The systematic review will be a part of the ‘GrOW’ (Growth and Economic Opportunities of Women) Program which has received funding from IDRC, the Hewlett Foundation, and DFID. The final review is due by the end of 2017, before we have to submit progress reports.
Moreover, the resources at the University of Göttingen will be the source of all data extraction and information retrieval.
Declarations of interest
Please declare any potential conflicts of interest. For example, have any of the authors been involved in the development of relevant interventions, primary research, or prior published reviews on the topic?
We all have participated in research that is related to this research question in some way, but if any publications from our own work are determined to be eligible for inclusion into the study, we will have an independent evaluator assess the quality of the study.
Preliminary timeframe
Approximate date for submission of the systematic review.

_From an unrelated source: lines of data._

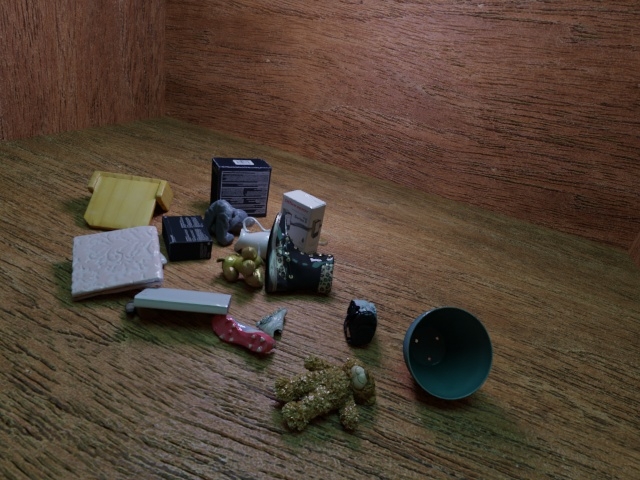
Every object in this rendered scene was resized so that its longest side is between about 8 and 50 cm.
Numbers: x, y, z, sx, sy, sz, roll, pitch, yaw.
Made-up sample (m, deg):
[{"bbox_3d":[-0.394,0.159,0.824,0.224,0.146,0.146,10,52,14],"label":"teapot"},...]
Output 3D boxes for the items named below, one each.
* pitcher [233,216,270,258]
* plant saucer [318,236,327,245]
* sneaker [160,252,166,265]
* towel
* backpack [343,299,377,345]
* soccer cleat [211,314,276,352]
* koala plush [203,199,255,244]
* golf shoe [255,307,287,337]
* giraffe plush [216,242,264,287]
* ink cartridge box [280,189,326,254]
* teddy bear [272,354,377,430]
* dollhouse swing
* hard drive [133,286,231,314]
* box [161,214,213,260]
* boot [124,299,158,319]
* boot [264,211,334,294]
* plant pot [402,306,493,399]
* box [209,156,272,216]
[{"bbox_3d":[-0.284,-0.010,1.962,0.207,0.177,0.125,13,-2,8],"label":"pitcher"},{"bbox_3d":[0.000,0.000,2.223,0.083,0.015,0.083,9,27,-5],"label":"plant saucer"},{"bbox_3d":[-0.748,0.039,1.773,0.235,0.095,0.090,26,29,23],"label":"sneaker"},{"bbox_3d":[-0.789,0.077,1.620,0.317,0.053,0.332,-11,45,-19],"label":"towel"},{"bbox_3d":[0.156,0.301,1.583,0.115,0.152,0.182,14,14,-6],"label":"backpack"},{"bbox_3d":[-0.269,0.324,1.444,0.248,0.083,0.095,17,-6,25],"label":"soccer cleat"},{"bbox_3d":[-0.447,-0.106,2.093,0.196,0.203,0.221,29,20,30],"label":"koala plush"},{"bbox_3d":[-0.166,0.308,1.534,0.086,0.069,0.176,54,29,7],"label":"golf shoe"},{"bbox_3d":[-0.342,0.105,1.753,0.170,0.181,0.210,-10,38,5],"label":"giraffe plush"},{"bbox_3d":[-0.100,-0.087,2.068,0.198,0.273,0.115,28,31,31],"label":"ink cartridge box"},{"bbox_3d":[0.024,0.449,1.260,0.338,0.113,0.245,4,30,-13],"label":"teddy bear"},{"bbox_3d":[-0.971,-0.162,2.115,0.347,0.305,0.315,7,-14,-8],"label":"dollhouse swing"},{"bbox_3d":[-0.487,0.217,1.509,0.308,0.040,0.203,7,2,-9],"label":"hard drive"},{"bbox_3d":[-0.621,-0.017,1.921,0.184,0.103,0.261,-1,29,-28],"label":"box"},{"bbox_3d":[-0.637,0.241,1.488,0.118,0.042,0.087,11,18,-16],"label":"boot"},{"bbox_3d":[-0.090,0.064,1.823,0.284,0.138,0.377,9,56,-12],"label":"boot"},{"bbox_3d":[0.405,0.372,1.426,0.290,0.290,0.195,8,-9,-6],"label":"plant pot"},{"bbox_3d":[-0.449,-0.295,2.313,0.296,0.294,0.183,-3,28,-26],"label":"box"}]
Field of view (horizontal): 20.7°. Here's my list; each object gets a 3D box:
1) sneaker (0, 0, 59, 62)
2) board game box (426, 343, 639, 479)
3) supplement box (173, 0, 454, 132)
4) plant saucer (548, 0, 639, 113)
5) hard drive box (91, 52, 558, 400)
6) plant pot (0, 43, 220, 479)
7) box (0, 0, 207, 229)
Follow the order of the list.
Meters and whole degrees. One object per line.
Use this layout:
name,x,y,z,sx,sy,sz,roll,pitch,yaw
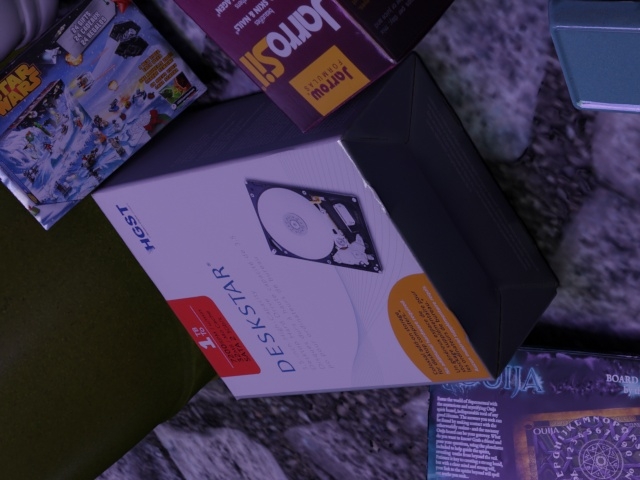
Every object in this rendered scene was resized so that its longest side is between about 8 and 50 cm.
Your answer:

Please note this should be no longer than two years after protocol approval. If the review is not submitted by then, the review area may be opened up for other authors. Date you plan to submit a draft protocol: November 11, 2016 Date you plan to submit a draft review: December 11, 2017
Plans for updating the review
Reviews should include in the protocol specifications for how the review, once completed, will be updated. This should include, at a minimum, information on who will be responsible and the frequency with which updates can be expected.
The authors agree to update the review if sufficient new studies and adequate funding to undertake this venture become available.